Exercise brief: Scan the records below, and wherever a line has the word "each", pull it out.

*** Opening of Data under study ***

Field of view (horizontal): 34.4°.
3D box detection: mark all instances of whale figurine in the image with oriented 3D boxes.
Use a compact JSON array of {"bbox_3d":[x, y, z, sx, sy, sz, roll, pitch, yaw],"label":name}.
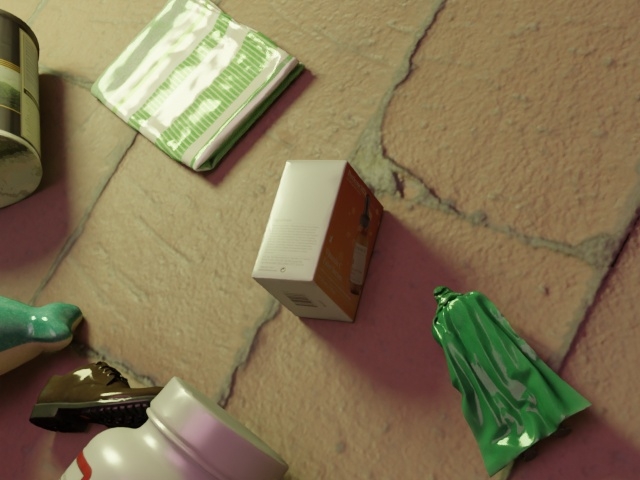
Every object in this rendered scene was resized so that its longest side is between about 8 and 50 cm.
[{"bbox_3d":[-0.487,0.122,1.481,0.272,0.141,0.216,-11,20,5],"label":"whale figurine"}]

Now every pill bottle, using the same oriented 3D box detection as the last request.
[{"bbox_3d":[-0.229,0.367,1.179,0.229,0.229,0.407,34,82,37],"label":"pill bottle"}]

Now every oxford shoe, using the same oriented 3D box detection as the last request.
[{"bbox_3d":[-0.290,0.203,1.395,0.227,0.083,0.096,-4,58,25],"label":"oxford shoe"}]

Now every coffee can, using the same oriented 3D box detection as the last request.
[{"bbox_3d":[-0.561,-0.218,1.695,0.202,0.201,0.275,-22,56,15],"label":"coffee can"}]

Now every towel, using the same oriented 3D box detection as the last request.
[{"bbox_3d":[-0.204,-0.261,1.637,0.248,0.038,0.325,-49,53,-4],"label":"towel"}]

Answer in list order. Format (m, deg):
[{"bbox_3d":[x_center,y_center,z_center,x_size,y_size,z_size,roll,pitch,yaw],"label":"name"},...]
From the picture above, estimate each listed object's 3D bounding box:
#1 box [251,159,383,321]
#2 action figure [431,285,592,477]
[{"bbox_3d":[0.000,0.000,1.327,0.091,0.130,0.170,3,66,30],"label":"box"},{"bbox_3d":[0.195,0.139,1.190,0.137,0.063,0.232,-36,57,8],"label":"action figure"}]
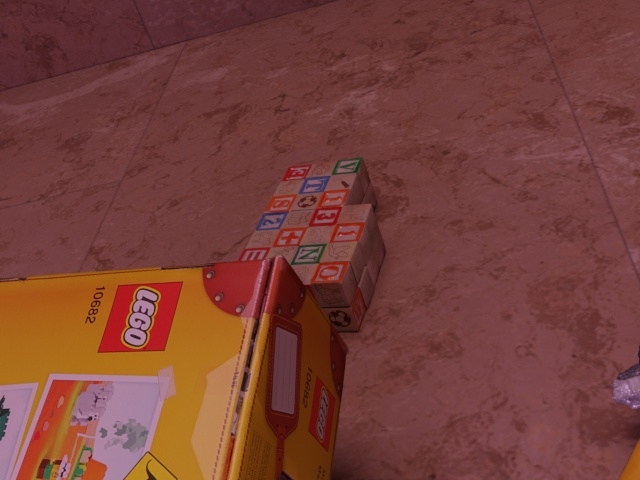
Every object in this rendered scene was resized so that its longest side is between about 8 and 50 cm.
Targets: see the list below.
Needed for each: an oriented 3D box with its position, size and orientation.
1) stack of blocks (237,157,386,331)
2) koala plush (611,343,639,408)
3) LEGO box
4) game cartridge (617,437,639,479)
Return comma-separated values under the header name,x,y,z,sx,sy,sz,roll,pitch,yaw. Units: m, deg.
name,x,y,z,sx,sy,sz,roll,pitch,yaw
stack of blocks,0.000,0.000,1.212,0.171,0.087,0.297,-4,37,22
koala plush,0.400,0.105,0.787,0.221,0.203,0.196,0,37,47
LEGO box,-0.206,0.278,0.703,0.372,0.193,0.500,-4,55,22
game cartridge,0.293,0.323,0.579,0.285,0.052,0.323,17,60,41
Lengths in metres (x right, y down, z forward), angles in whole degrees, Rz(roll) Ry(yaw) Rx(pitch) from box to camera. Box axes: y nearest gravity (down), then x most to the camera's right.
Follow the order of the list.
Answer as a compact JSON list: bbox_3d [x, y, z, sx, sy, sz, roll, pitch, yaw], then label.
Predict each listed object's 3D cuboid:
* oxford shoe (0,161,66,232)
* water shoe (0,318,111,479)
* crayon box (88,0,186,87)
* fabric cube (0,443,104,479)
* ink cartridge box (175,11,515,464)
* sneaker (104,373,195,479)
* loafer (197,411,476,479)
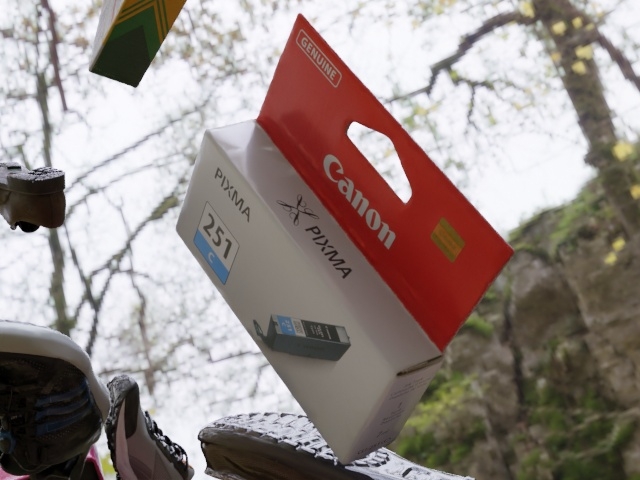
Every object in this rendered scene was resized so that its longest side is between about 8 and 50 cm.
[{"bbox_3d":[-0.432,-0.057,1.603,0.083,0.096,0.227,-20,24,-39],"label":"oxford shoe"},{"bbox_3d":[-0.183,0.110,0.741,0.073,0.080,0.203,5,-22,12],"label":"water shoe"},{"bbox_3d":[-0.233,-0.397,1.654,0.083,0.203,0.323,18,-37,-20],"label":"crayon box"},{"bbox_3d":[-0.385,0.388,1.478,0.259,0.254,0.258,-16,11,-12],"label":"fabric cube"},{"bbox_3d":[0.000,0.000,0.986,0.066,0.296,0.261,-18,-32,-36],"label":"ink cartridge box"},{"bbox_3d":[-0.231,0.286,1.553,0.108,0.100,0.272,-14,-56,-10],"label":"sneaker"},{"bbox_3d":[0.036,0.263,1.076,0.366,0.130,0.134,18,7,24],"label":"loafer"}]
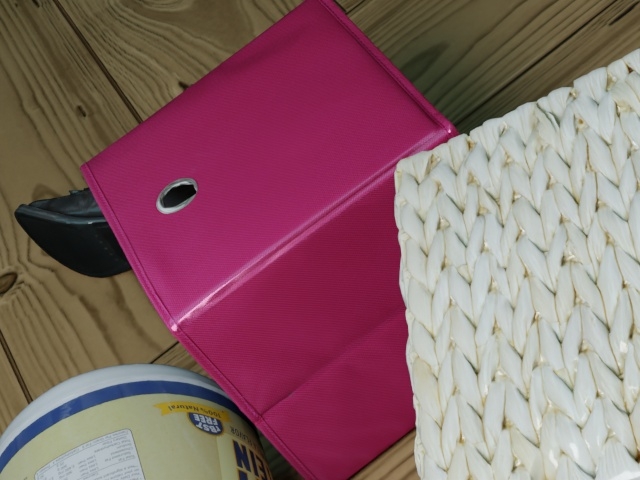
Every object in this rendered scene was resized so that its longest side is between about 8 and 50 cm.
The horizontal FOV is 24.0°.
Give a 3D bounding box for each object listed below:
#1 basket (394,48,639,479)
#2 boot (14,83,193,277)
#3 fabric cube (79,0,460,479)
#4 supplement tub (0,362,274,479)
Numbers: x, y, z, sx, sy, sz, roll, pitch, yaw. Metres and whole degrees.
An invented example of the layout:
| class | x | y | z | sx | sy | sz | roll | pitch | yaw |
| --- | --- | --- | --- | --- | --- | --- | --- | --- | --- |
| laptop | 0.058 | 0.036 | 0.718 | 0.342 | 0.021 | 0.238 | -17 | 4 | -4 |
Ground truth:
| class | x | y | z | sx | sy | sz | roll | pitch | yaw |
| --- | --- | --- | --- | --- | --- | --- | --- | --- | --- |
| basket | 0.236 | 0.097 | 0.973 | 0.266 | 0.328 | 0.331 | -24 | 45 | 21 |
| boot | -0.170 | -0.074 | 1.573 | 0.263 | 0.091 | 0.229 | 4 | 51 | 31 |
| fabric cube | 0.000 | 0.000 | 1.255 | 0.258 | 0.259 | 0.254 | -36 | 42 | 1 |
| supplement tub | -0.120 | 0.272 | 1.123 | 0.228 | 0.228 | 0.316 | -32 | 43 | 6 |
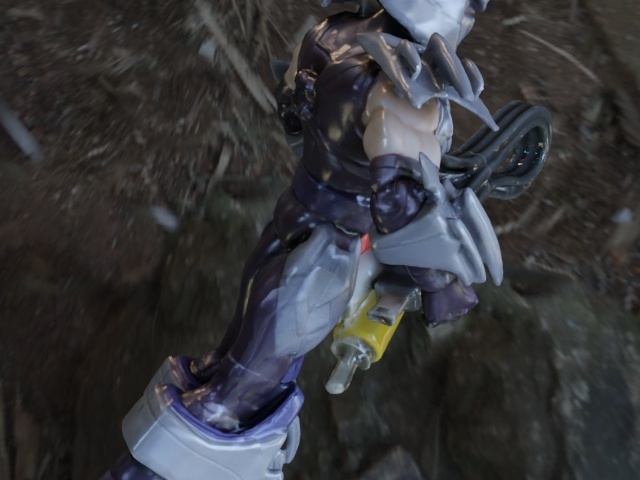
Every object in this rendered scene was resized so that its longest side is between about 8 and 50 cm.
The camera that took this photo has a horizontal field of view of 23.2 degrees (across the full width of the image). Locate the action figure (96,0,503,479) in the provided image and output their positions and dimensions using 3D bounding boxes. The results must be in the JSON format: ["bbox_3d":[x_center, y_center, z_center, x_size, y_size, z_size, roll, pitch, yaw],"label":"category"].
[{"bbox_3d":[0.000,0.000,0.646,0.099,0.185,0.285,24,105,-15],"label":"action figure"}]

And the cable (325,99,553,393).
[{"bbox_3d":[0.068,-0.035,0.983,0.072,0.287,0.139,10,127,24],"label":"cable"}]
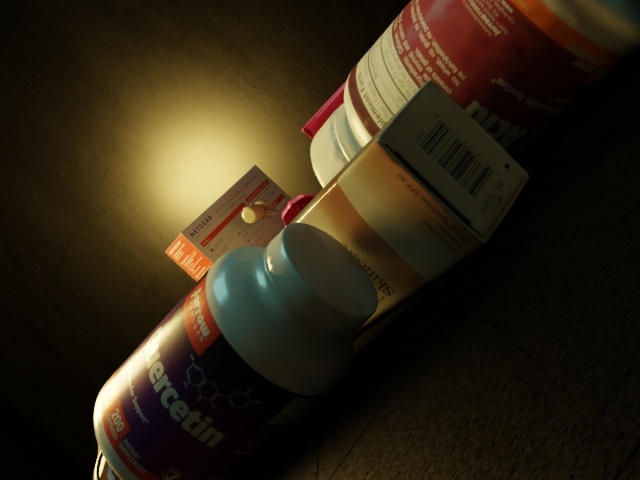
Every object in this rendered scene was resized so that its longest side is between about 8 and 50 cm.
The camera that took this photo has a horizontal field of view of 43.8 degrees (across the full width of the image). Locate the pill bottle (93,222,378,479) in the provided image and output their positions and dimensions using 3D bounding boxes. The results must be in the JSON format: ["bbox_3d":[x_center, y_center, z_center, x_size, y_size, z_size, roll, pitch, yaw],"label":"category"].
[{"bbox_3d":[-0.091,0.132,0.858,0.323,0.181,0.181,-46,3,25],"label":"pill bottle"}]

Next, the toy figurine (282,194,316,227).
[{"bbox_3d":[0.002,-0.027,1.524,0.130,0.159,0.173,89,-165,-45],"label":"toy figurine"}]

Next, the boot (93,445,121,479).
[{"bbox_3d":[-0.223,0.247,1.079,0.207,0.090,0.248,-52,40,14],"label":"boot"}]

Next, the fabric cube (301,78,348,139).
[{"bbox_3d":[0.144,-0.230,1.580,0.258,0.254,0.259,-47,3,6],"label":"fabric cube"}]

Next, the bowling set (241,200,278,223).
[{"bbox_3d":[-0.039,0.020,1.745,0.154,0.287,0.199,-40,-39,-73],"label":"bowling set"}]

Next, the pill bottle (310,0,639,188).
[{"bbox_3d":[0.171,-0.190,0.971,0.392,0.224,0.224,-45,4,38],"label":"pill bottle"}]

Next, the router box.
[{"bbox_3d":[-0.137,0.021,1.827,0.082,0.301,0.335,-44,4,41],"label":"router box"}]

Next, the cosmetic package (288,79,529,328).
[{"bbox_3d":[0.067,-0.018,0.892,0.129,0.153,0.296,-49,2,-38],"label":"cosmetic package"}]

*** Close of Data under study ***

Solution to the exercise:
From the picture above, estimate each listed object's 3D bounding box:
Needed for each: an oriented 3D box with its position, size and orientation.
Predict each listed object's 3D cuboid:
Give a 3D bounding box for each object listed below:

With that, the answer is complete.